In one example, a 9yo child in the US state of New Mexico suffered a bad reaction after mistaking her parent’s medical marijuana gummy bears for regular lollies and sharing them with her three friends at school. And pot-laced Oreos sent Oregon students to hospital. In the UK, 15,000 teenage hospital admissions have taken place over the past five years as a result of taking cannabis – some of whom were rushed to hospital suffering from serious psychosis.

“This is not a ‘war on drugs’ – this is a defence of our brains and health and wellbeing. Legalising a harmful drug like marijuana – or any other drug for that matter – is not a healthy option.”

Cannabis and Family Breakdown Main Causes For Homelessness

Media Release 28 November 2018 
A new study examining why people become homeless has found that daily marijuana use significantly increases men’s likelihood of becoming homeless, and that the other key factor for both men and women is parental separation.

The Melbourne University research published by the Royal Statistical Society found that for men, using cannabis daily increases their likelihood of becoming homeless by age 30 by 7-14 percentage points.

But they also found that the effect of parental separation on homelessness is substantial for both genders – six times that of drug use across both men and women.
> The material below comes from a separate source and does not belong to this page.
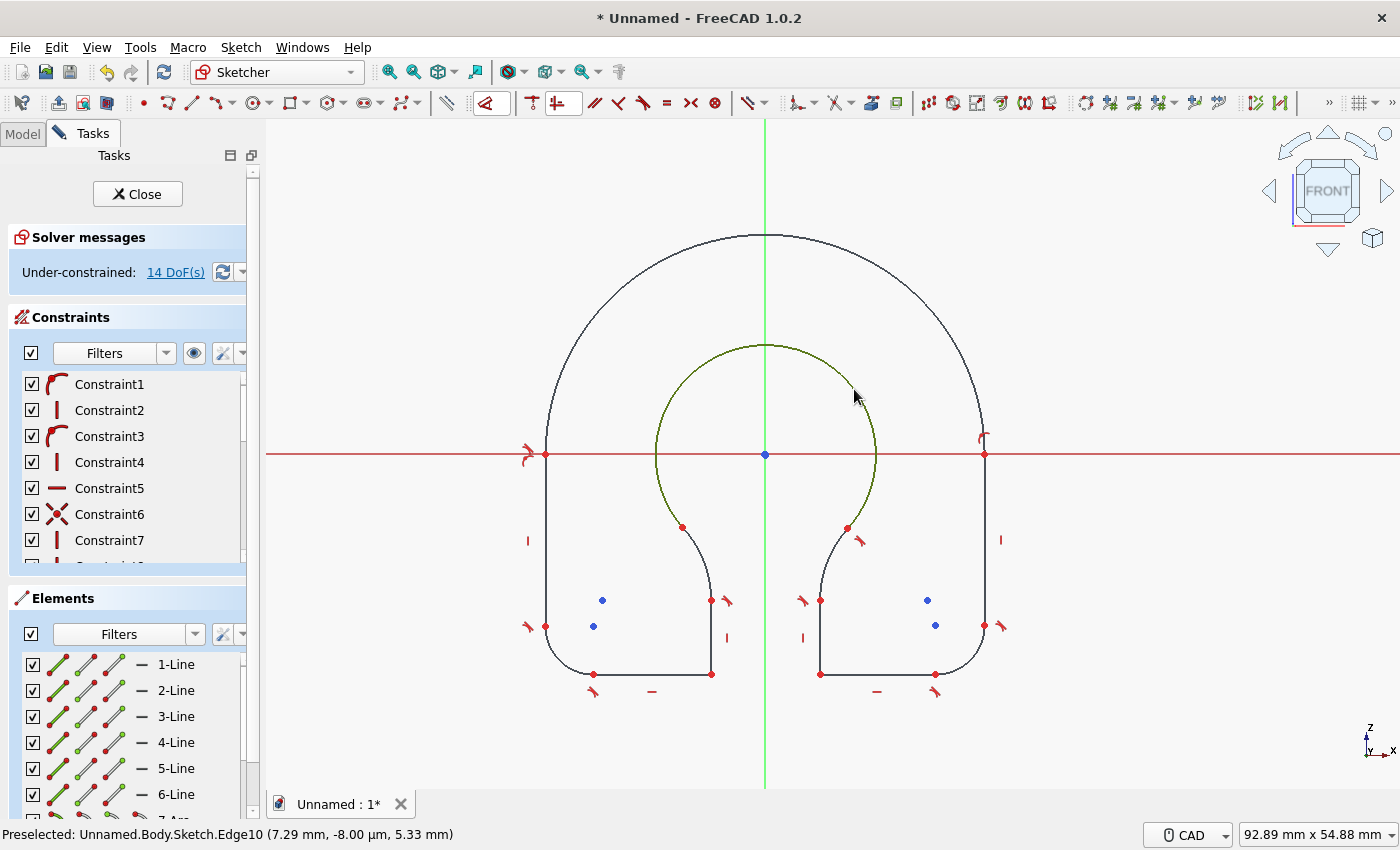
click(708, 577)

Of those who have experienced homelessness, 62% of respondents cite family breakdown or conflict as the main reason for becoming homeless for the first time.

The researchers say; “Our research suggests that early interventions to reduce cannabis use may be effective in reducing the number of boys and young men who become homeless.”

They also add “policy interventions supporting the housing needs of families that break down, can effectively reduce the transitions of children and young adults into homelessness, possibly breaking the path into lifelong extreme disadvantage.”

“Government policy should promote marriage and the strong formation of families – and offer support and free counselling to families where there is potential conflict and breakdown. Children being raised by their married biological parents are by far the safest from abuse, poverty, and imprisonment – and so too are the adults. We can now add protection from homelessness to the list,” says Bob McCoskrie, National Director of Family First NZ.

“But most importantly, any attempts to legalise marijuana will only worsen the social problems we are facing around homelessness – especially for men. We should be doing everything we can to promote a drug-free culture and reject any liberalising of the law or promotion of a drug-friendly culture.”